Riana menatap tak percaya Raja Bal yang sekarang duduk gagah di atas kudanya. Sementara prajurit-prajuritnya bergerak mengepung Riana dan Dougglas dari segala arah, Raja dari Blok Utara itu dengan santainya hanya melambaikan tangan tanda perintah sembari mengirimkan tatapan tajam dan mengintimidasinya.
"Tangkap mereka berdua."
Saat Raja Bal menurunkan perintah tersebut, Riana dan Dougglas sudah sepenuhnya terkepung. Tak ada celah. Mendapati hal itu, bukan berarti keduanya berpangku tangan dan takkan melakukan sesuatu.
Dougglas memasang kuda-kudanya, sembari mengangkat pistol jadul miliknya. Sedangkan Riana mengambil posisi membelakangi Dougglas. Dia sepenuhnya menyerahkan punggungnya pada mantan musuhnya itu.
Para tentara Blok Utara bergerak cepat. Mereka merengsek maju ketika Riana sudah siap dengan kuda-kudanya. Tangannya mengeluarkan belati pemberian Spirit tadi. Bukannya digunakan untuk membunuh Dougglas seperti tujuan awalnya, belati itu kini malah digunakan untuk melindungi dirinya dan Dougglas dari serangan Raja Bal.
Dengan cepat ruangan itu menjadi medan pertempuran. Untung saja Dougglas bisa menggunakan bola transparan yang melindungi mereka berdua dari tembakan musuh. Bola transparan yang mengelilinginya kini memang menghalang segala serangan musuh, akan tetapi tembakan dari pistol Dougglas bisa lolos dibuatnya.
Dougglas terus menembak, sesekali dia berhenti untuk mengisi peluru. Tembakannya rapih, dia selalu bisa mengenai organ vital musuh incarannya.
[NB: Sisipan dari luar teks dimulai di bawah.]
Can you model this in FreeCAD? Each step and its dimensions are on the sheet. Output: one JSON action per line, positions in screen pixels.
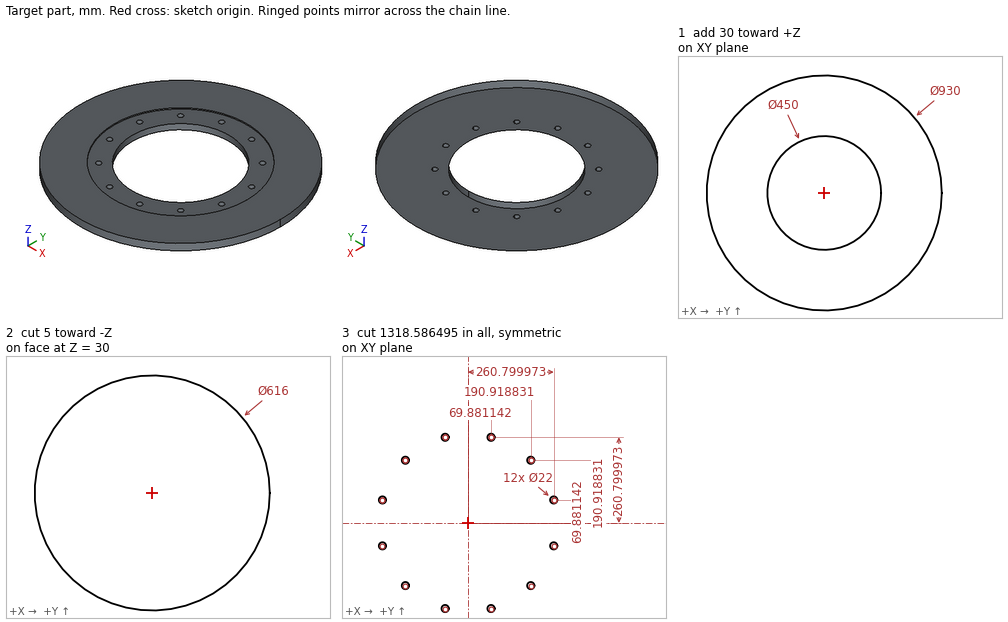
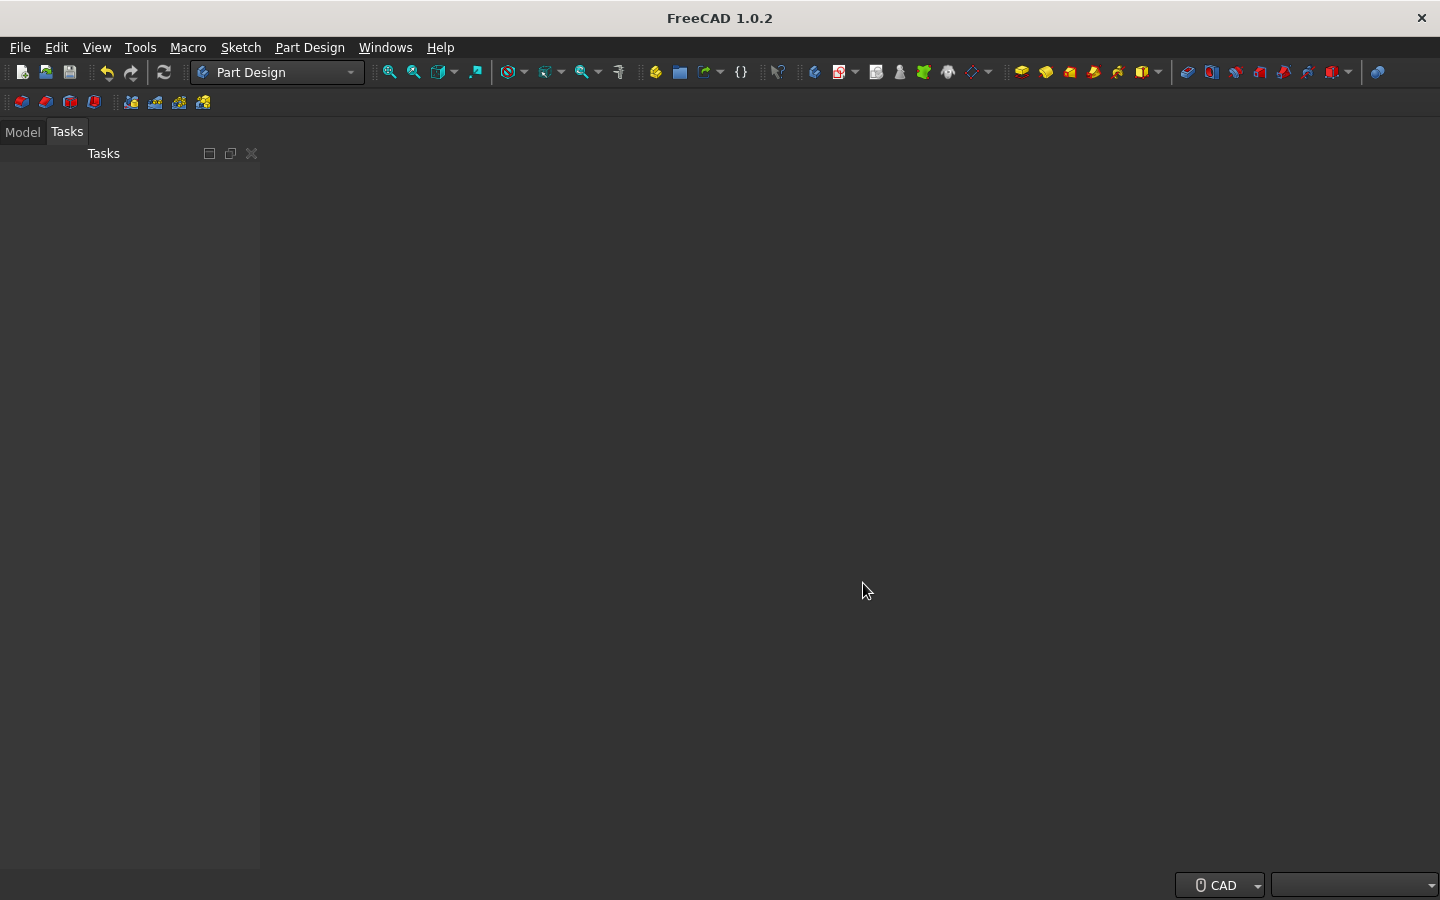
{"action": "left_click", "coordinate": [22, 72]}

Tapi sayang sekali musuh utama alias Raja Bal masih duduk gagah di atas kudanya. Kudanya berada di luar pondok. Bahkan Riana dan Dougglas hanya bisa melihatnya dari bingkai pintu yang terbuka lebar. Jelas sekali kalau posisi Raja Bal sekarang berada di luar jangkauan tembak Dougglas. Riana sangat menyayangkan hal itu.
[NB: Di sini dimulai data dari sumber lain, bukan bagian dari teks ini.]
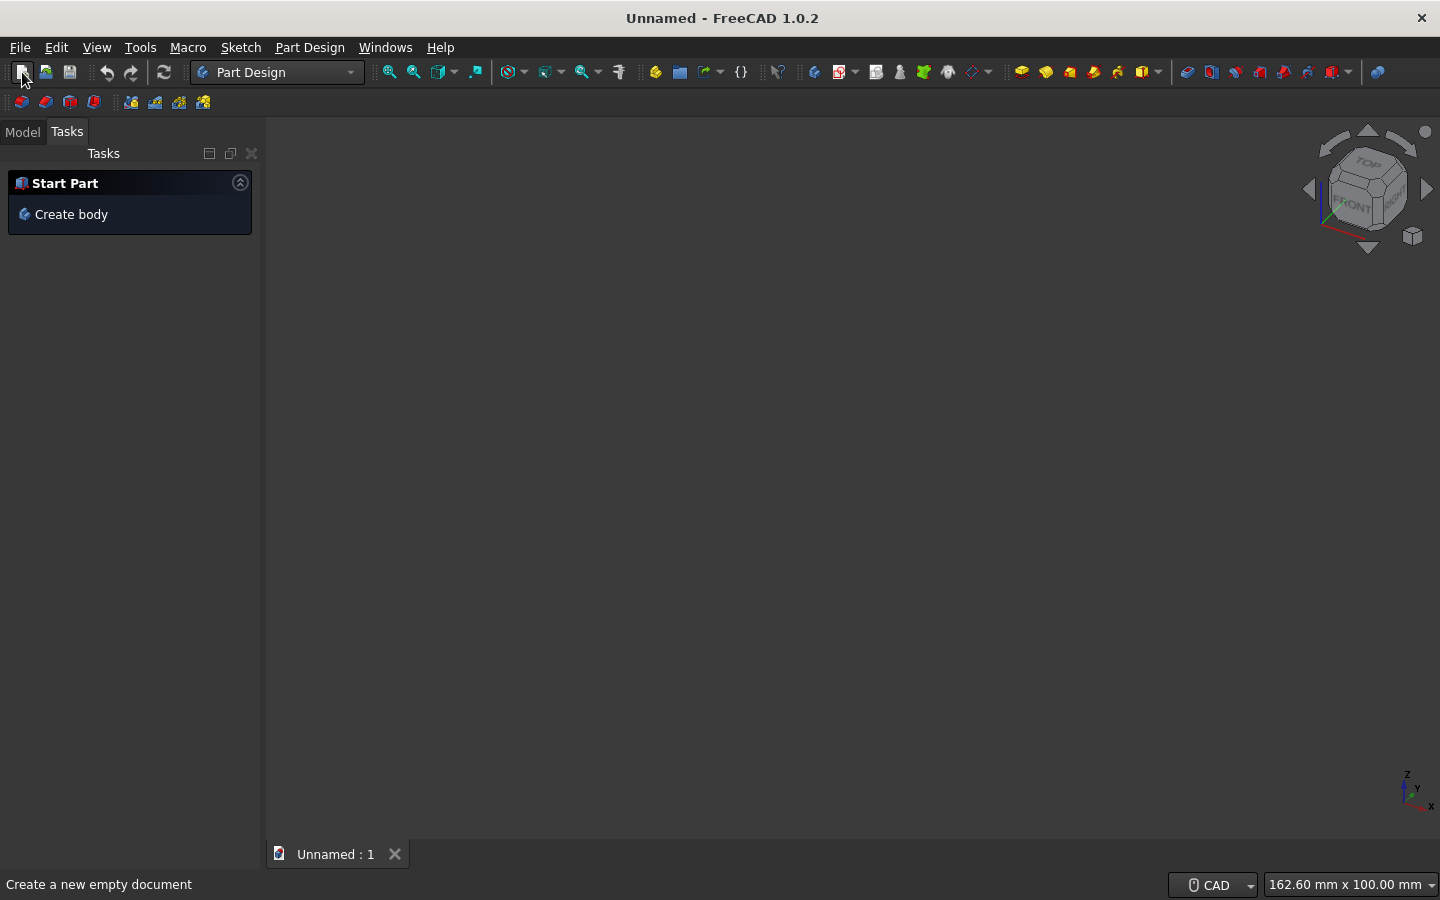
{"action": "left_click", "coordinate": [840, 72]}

Sedangkan di dalam bola tranparan itu Riana juga turut membantu Dougglas. Dia melemparkan anak panah dari busurnya. Kebetulan sekali tadi Fadwa meninggalinya busur dan sekantung anak panah. Saking kebetulannya, Riana bahkan memilih percaya kalau Fadwa sengaja meninggalkan barang itu di atas meja yang tak jauh dari jangkauan Riana.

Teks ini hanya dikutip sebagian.